Racing typical freely at the head of affairs, it briefly looked like Ghaiyyath might be in trouble when Buick asked for more two furlongs out with his pursuers still in the battle.
However, the leader responded willingly and pulled out more to stretch clear. At the line, he had three lengths in hand of Magical, with Lord North another length and a quarter back in third. Kameko didn’t get home and was beaten an aggregate of five lengths.
Rated 127 going in to the race, he was raised to 130 afterwards – making him the highest-rated horse in the world.
WHAT THEY SAID:
“His high-class cruising speed and relentless style of galloping was a joy to watch – and as I have said before, this year he came together both physically and mentally and looked the finished article.
“He was an outstanding part of the Moulton Paddocks team, and I know that his numerous top-level successes gave our Principal, His Highness Sheikh Mohammed, a great deal of pleasure.”

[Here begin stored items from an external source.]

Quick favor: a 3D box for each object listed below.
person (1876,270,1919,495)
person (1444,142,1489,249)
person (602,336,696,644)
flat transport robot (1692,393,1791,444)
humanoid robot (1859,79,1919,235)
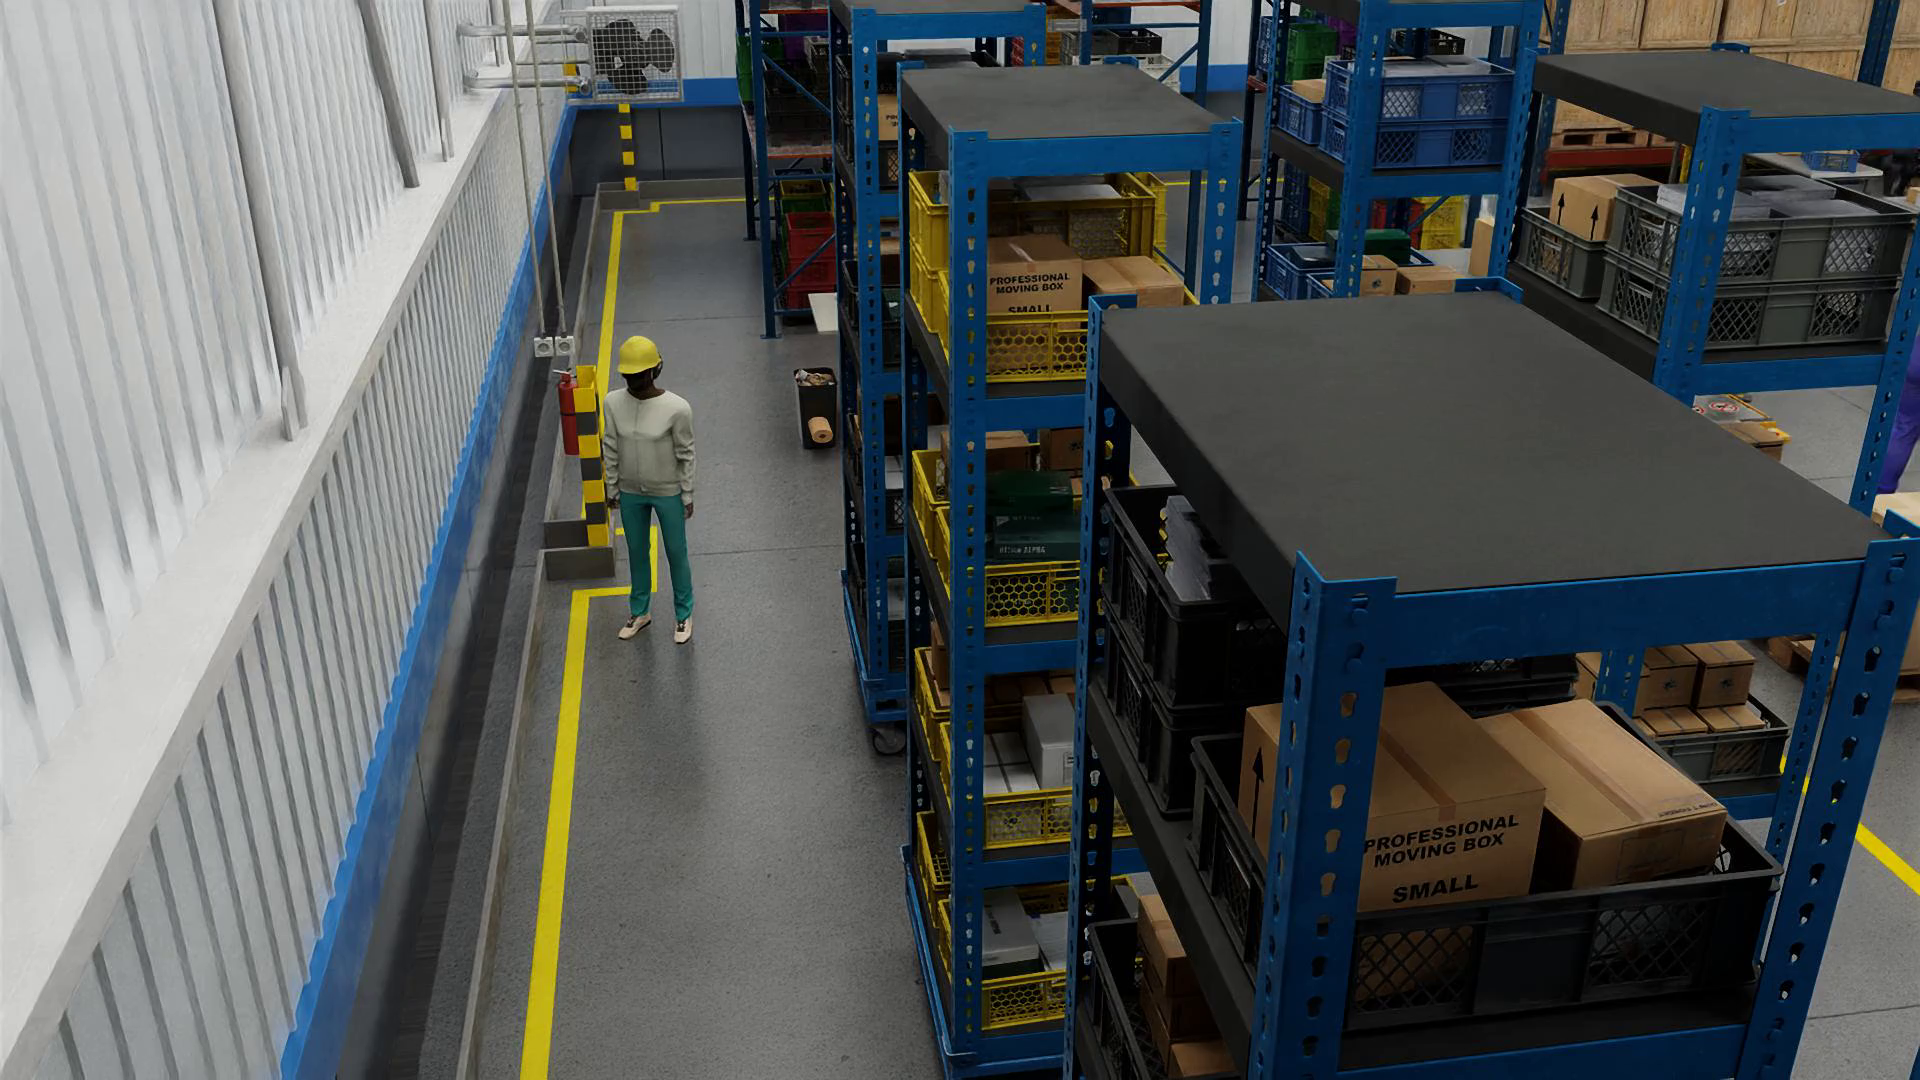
[{"bbox_3d":[6.295,-1.096,10.563,0.536,2.000,0.681,-19,31,-36],"label":"person"},{"bbox_3d":[5.104,-3.734,16.496,0.613,1.865,0.617,14,28,27],"label":"person"},{"bbox_3d":[-1.690,-0.265,9.083,0.522,1.768,0.310,5,25,10],"label":"person"},{"bbox_3d":[5.224,-0.859,12.132,1.431,0.197,0.652,-4,25,-8],"label":"flat transport robot"},{"bbox_3d":[9.757,-3.978,17.288,0.616,1.623,0.702,3,25,7],"label":"humanoid robot"}]
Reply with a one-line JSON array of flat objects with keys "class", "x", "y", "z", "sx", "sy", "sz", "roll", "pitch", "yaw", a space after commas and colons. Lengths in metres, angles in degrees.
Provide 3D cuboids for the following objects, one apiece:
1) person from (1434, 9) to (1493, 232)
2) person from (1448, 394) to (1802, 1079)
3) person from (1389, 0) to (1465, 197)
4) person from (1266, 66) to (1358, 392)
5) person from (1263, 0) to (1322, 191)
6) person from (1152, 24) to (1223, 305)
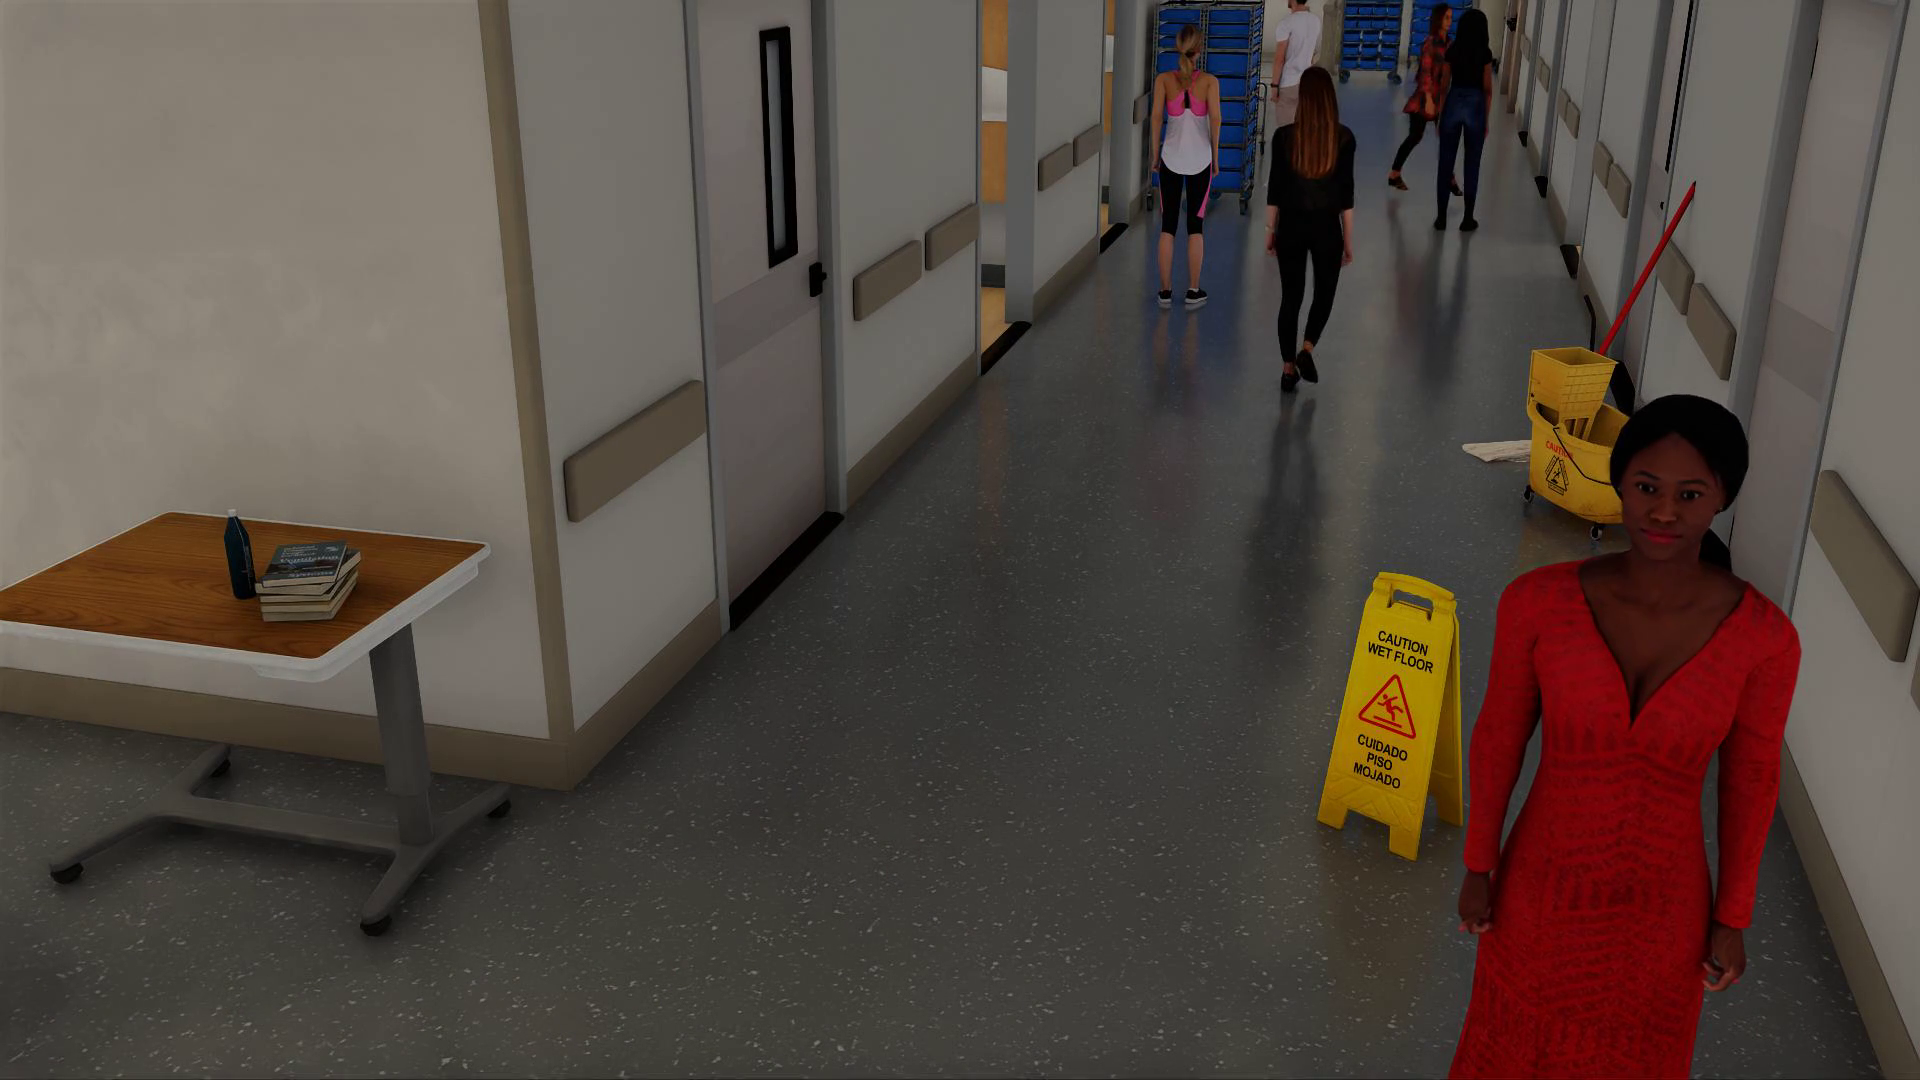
[{"class": "person", "x": 4.070, "y": -3.393, "z": 13.462, "sx": 0.590, "sy": 1.737, "sz": 0.556, "roll": 8, "pitch": 22, "yaw": 20}, {"class": "person", "x": 1.085, "y": 0.620, "z": 2.799, "sx": 0.646, "sy": 1.785, "sz": 0.629, "roll": 8, "pitch": 22, "yaw": 20}, {"class": "person", "x": 4.182, "y": -3.941, "z": 15.012, "sx": 1.061, "sy": 1.664, "sz": 1.050, "roll": -16, "pitch": 26, "yaw": -36}, {"class": "person", "x": 1.828, "y": -1.606, "z": 8.795, "sx": 0.626, "sy": 1.700, "sz": 0.636, "roll": 6, "pitch": 22, "yaw": 16}, {"class": "person", "x": 3.080, "y": -4.157, "z": 15.272, "sx": 0.758, "sy": 1.884, "sz": 0.829, "roll": -13, "pitch": 24, "yaw": -31}, {"class": "person", "x": 1.474, "y": -2.451, "z": 10.903, "sx": 0.594, "sy": 1.788, "sz": 0.504, "roll": 5, "pitch": 21, "yaw": 14}]

Charlie Appleby after Ghaiyyath’s retirement
“Everything he did was just so flamboyant and so explosive – he really wore his heart on his sleeve, and I’ve been very privileged to have ridden him to some great wins
“As a physical specimen, he’s an amazing-looking horse – and everything he did early on was always ahead of everyone else. He’s just been a fantastic horse, from day one. He became renowned for that ability to go the pace he went and keep going, and even then at the end of his races to quicken from that pace and really put the race to bed.

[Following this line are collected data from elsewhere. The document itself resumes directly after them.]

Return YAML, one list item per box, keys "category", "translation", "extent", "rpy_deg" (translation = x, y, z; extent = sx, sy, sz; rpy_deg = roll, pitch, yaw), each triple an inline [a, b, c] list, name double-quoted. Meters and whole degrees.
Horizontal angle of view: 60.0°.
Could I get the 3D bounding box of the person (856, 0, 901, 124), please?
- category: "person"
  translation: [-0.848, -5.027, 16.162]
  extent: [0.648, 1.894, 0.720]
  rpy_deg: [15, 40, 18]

“As he got older, more mature, he managed to channel his energy a little bit better – which we really saw this year. For me, his crowning moment was probably at Sandown when he really confirmed that he was absolute top-drawer. Then he backed it up at York in the Juddmonte (International) – so those are the two that stand out.”
William Buick on his explosive partner
WHAT SHOULD WE EXPECT FROM HIS OFFSPRING?
The imposing Ghaiyyath is standing at Godolphin’s Kildangan Stud in Ireland with his covering fee initially set at 30,000 euros.
That price seems certain to tempt plenty of breeders given that Ghaiyyath is himself bred in the purple (by Dubawi out of Galileo mare Nightime) and officially established himself as the best horse in the world in 2020.
It goes without saying that the stallion’s stock seem likely to be well-served by middle-distances.
But that’s not to say they will not make their mark as juveniles.
And if they are chips off the old block, juveniles with a relish for taking rivals out of their comfort zone from the front.